# Your goal:
Begin at the line below that has "Numbers: x, y, z, sx, sy, sz, roll, pitch, yaw." and stop after the line that has "euler=(13, 5, 11))". Please restate only those lines, word for word.

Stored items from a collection

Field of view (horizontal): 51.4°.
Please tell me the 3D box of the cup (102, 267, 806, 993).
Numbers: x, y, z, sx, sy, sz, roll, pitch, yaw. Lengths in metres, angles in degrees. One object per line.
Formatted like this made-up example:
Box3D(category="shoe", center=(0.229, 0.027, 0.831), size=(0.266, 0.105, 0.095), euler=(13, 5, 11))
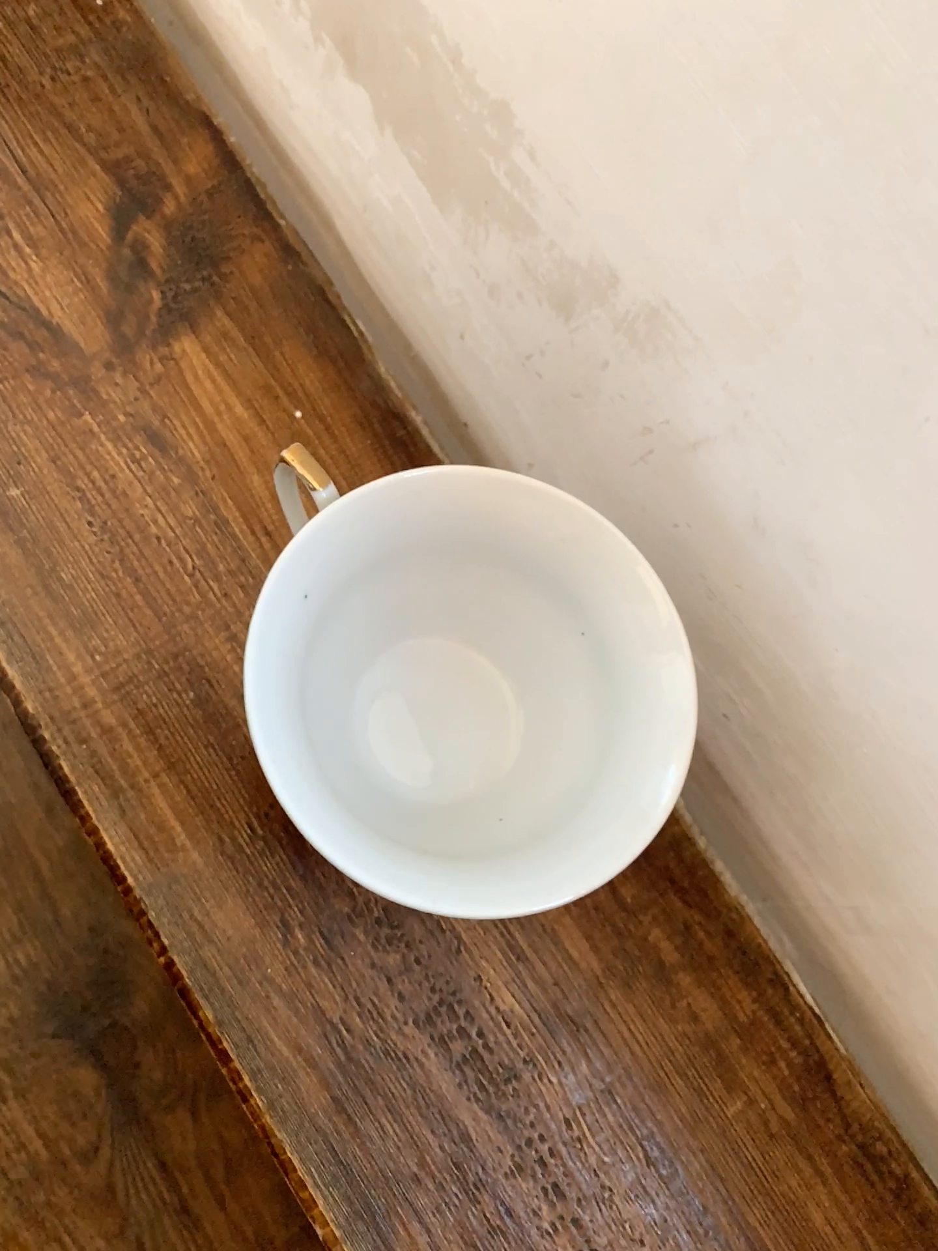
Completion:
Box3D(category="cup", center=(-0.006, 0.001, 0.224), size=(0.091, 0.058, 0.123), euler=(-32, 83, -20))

--

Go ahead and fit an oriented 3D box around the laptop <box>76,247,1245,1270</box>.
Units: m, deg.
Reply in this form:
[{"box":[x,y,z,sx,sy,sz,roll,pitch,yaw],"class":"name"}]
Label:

==

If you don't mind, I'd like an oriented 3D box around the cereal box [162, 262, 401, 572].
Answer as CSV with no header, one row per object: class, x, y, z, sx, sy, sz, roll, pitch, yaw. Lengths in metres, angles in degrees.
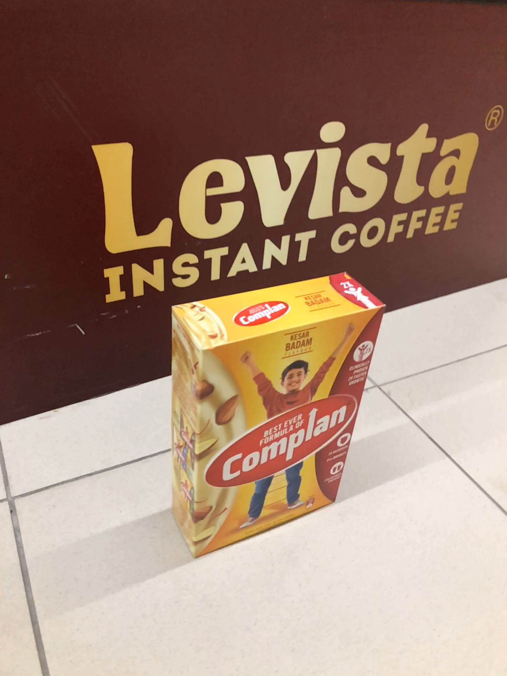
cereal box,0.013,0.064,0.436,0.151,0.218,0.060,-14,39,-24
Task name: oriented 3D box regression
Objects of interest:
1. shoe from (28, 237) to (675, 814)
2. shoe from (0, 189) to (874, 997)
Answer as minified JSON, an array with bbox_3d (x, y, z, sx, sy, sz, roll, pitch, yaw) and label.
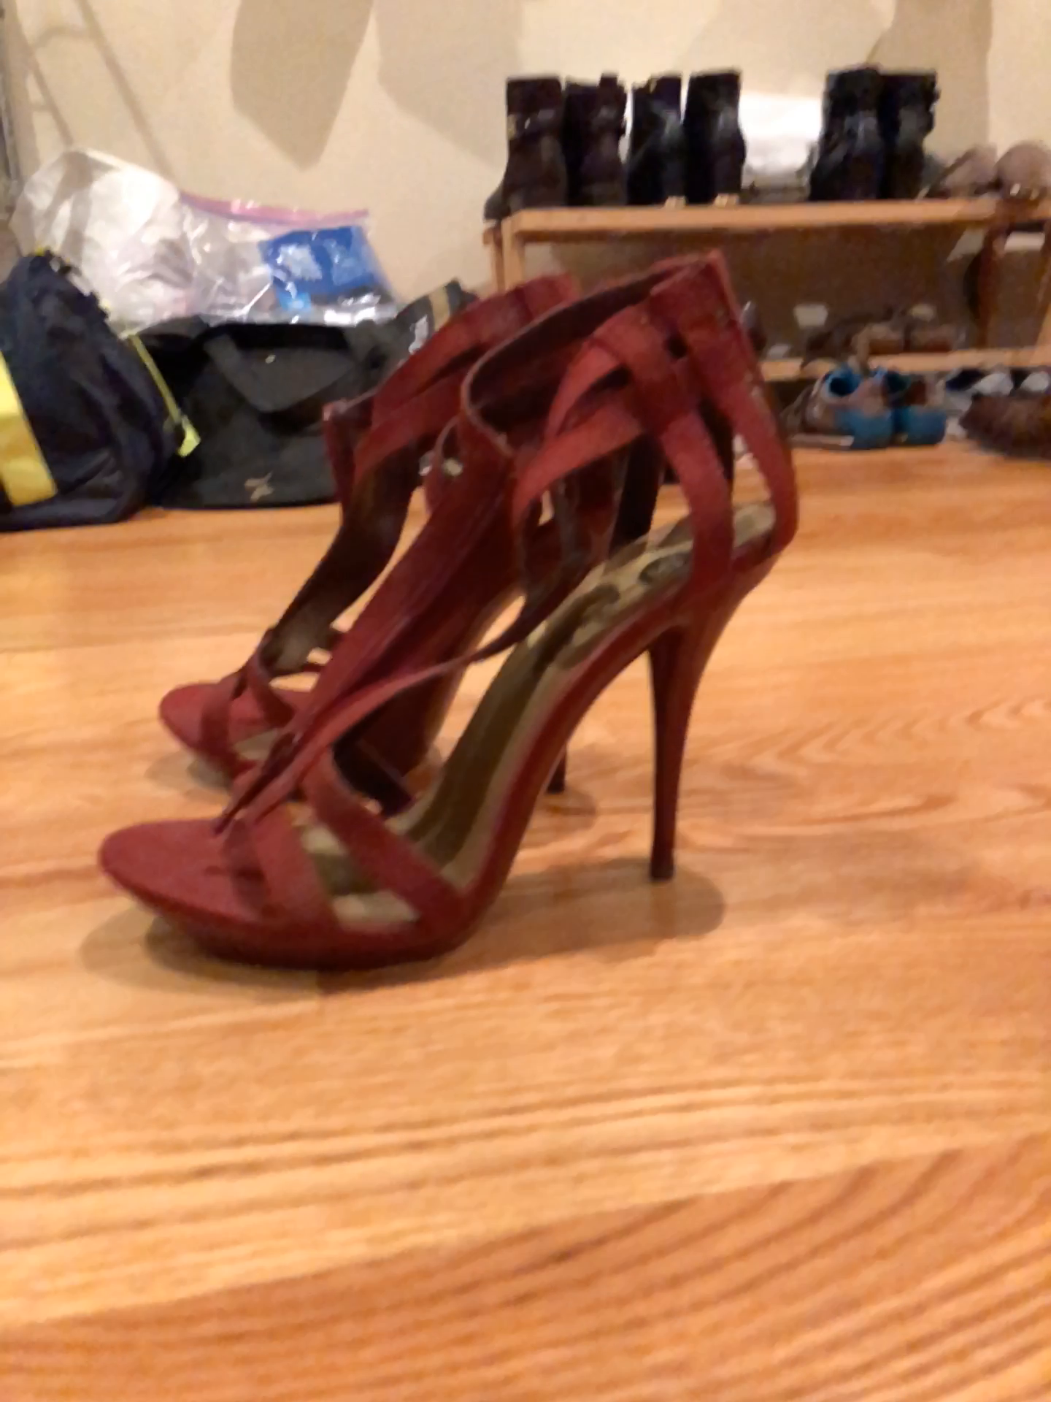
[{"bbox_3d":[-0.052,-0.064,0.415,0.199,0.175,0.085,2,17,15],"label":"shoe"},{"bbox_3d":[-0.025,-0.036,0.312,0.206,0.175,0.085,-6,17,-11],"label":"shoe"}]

# Output for this exercise:
Numbers: x, y, z, sx, sy, sz, roll, pitch, yaw. Lengths in metres, angles in degrees. One object per line.
Formatted like this made-up example:
Box3D(category="shoe", center=(0.229, 0.027, 0.831), size=(0.266, 0.105, 0.095), euler=(13, 5, 11))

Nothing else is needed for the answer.